The choice of the studied sites was based on the investigation of the nomad population, seasonal collectors, and truffle production data of 2013 by kg per a three-month season in various production sites. These data were obtained from the Provincial Department of Agriculture of Figuig. No data were recorded recently due to the great production fluctuation and low harvests.

Ecology

Desert truffles “Terfass” soil of 13 productive site, six in east and seven in the western part of the study area were analyzed (Table 1) (^{PDPEO, 2005}). Rainfall and temperature data were obtained from climate-data.org. For Bni Guil we used Bouarfa city climate data station, the urban center of Bni Guil (Table 2).

Table 1 Average soil parameters of the study area

Table 2 Climate data of the studied area

*B: Desert climate; W: annual rainfall with a seuil < 50 %; k: Dry and cold: Average annual temperature < 18 °C; h: Dry and hot: average annual temperature > 18 °C.

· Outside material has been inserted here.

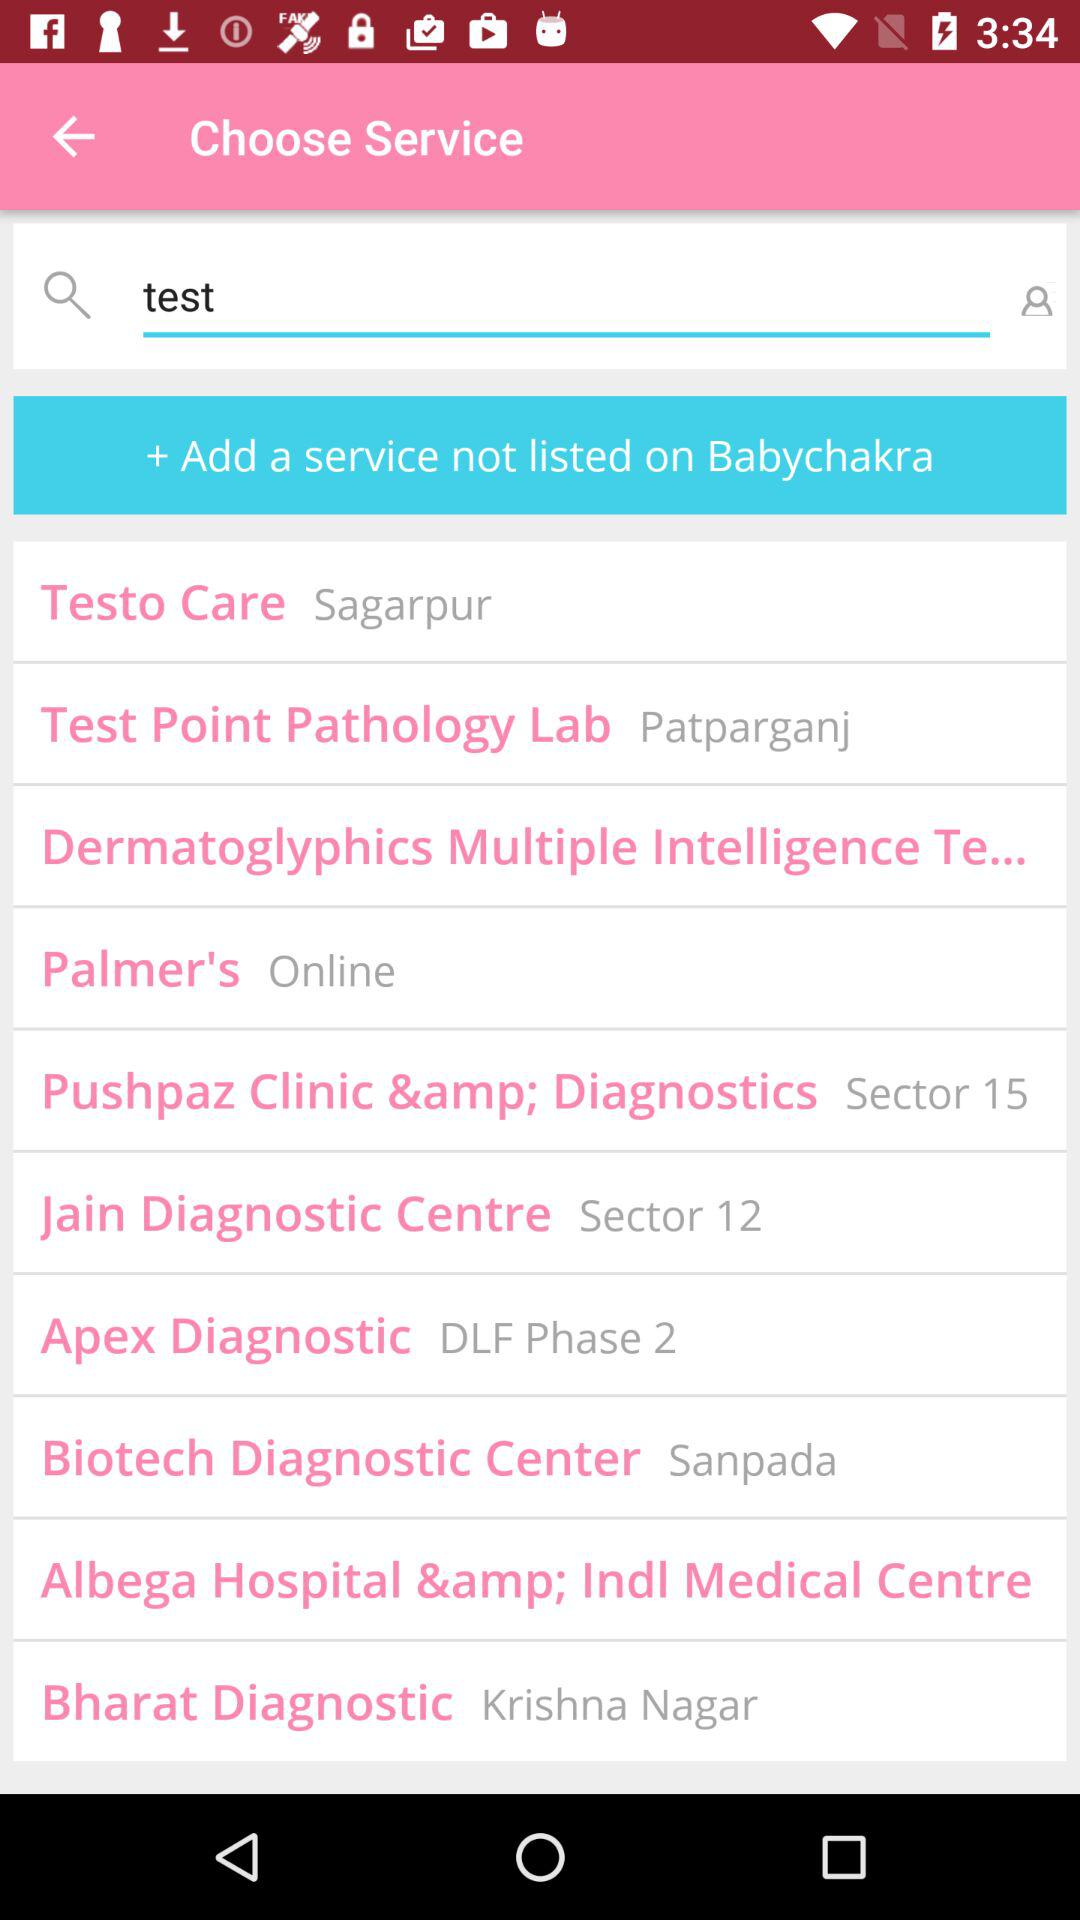How many service providers are located in Sagarpur?
Answer the question using a single word or phrase. 1

Mycological and phytosociological study

Mycological and phytosociological surveys were conducted according to the method defined by ^{Braun-Blanquet (1952)}, in an area of 100 m² of a representative and homogeneous harvest point. Knowing that every productive site can contain several harvest points. These areas included the dominant perennials and herbaceous strata identified directly on the field. The distinction among truffle species is typically based on both macromorphology and micromorphological characters (^{Malençon, 1973}). In the laboratory, small fragments were taken from the gleba, crushed and mounted in KOH 5%. The observation by light microscopy allowed the observation of ascospores and to specify their sizes, shapes, color, and the degree of maturity of the truffles by using the Key of Tuberals of Morocco (^{Khabar, 2002}).

Results and Discussion

Abiotic conditions

The study area is relatively mountainous. Every site nomenclature refers to a relief; there is the lowland, the Jebel foothills (Jebel=Mountain), (Dayet =Lake), (Maader =Lowland where there is an intersection). It is therefore a very clear contrast. Nine productive sites were selected for this study, knowing that, each site could contain from one to several harvest points, the surface of a homogenous site varied, and therefore was linked to another close site if there was no orographic barrier between them.

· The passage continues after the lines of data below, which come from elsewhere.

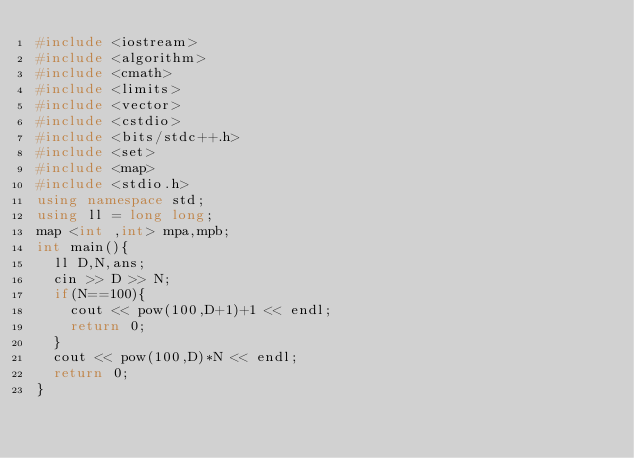Convert code to text. <code><loc_0><loc_0><loc_500><loc_500><_C++_>#include <iostream>
#include <algorithm>
#include <cmath>
#include <limits>
#include <vector>
#include <cstdio>
#include <bits/stdc++.h>
#include <set>
#include <map>
#include <stdio.h>
using namespace std;
using ll = long long;
map <int ,int> mpa,mpb;
int main(){
  ll D,N,ans;
  cin >> D >> N;
  if(N==100){
    cout << pow(100,D+1)+1 << endl;
    return 0;
  }
  cout << pow(100,D)*N << endl;
  return 0;
}</code>

(i) Climate and soil: Climatic parameters are among the most important abiotic factors that effectively control the occurrence of desert truffles (^{Trappe et al., 2008 a}, ^b). In eastern Moroccan steppes, vegetation is affected by climate; its intensity seems more amplified in the presence of the most pressing anthropic factors on pastoral resources (^{Bechchari et al., 2014}). The climate in our study area was desert with moderate rainfall in both winter and summer, with average temperatures of 17.9 ° C in Bni Guil (k: dry and cold) and 18.6 °C in Abbou Lakhal (h: dry and hot). The average annual rainfall was 170 mm, with June and July as the driest months with 1.5 mm of average rainfall. On average, 57% of the rain fell before the end of March and nearly 92% by the end of April (^{PDPEO, 2005}). Usually good annual rainfall from October to March makes a good harvesting season desert truffles in Algeria (^{Bradai et al., 2014}). Autumnal precipitation was higher, 21 mm in October for Abou lakhal and 25 mm in November for Bni Guil, which is called Choula by local and nomad population. Meteorologically, heavy rain showers during mild to warm weather (25-30 ◦C) coupled with heavy evening or early morning dewfalls and thunder and lightning has been considered an essential requirement for truffle formation (^{Al-Rahmah, 2001}).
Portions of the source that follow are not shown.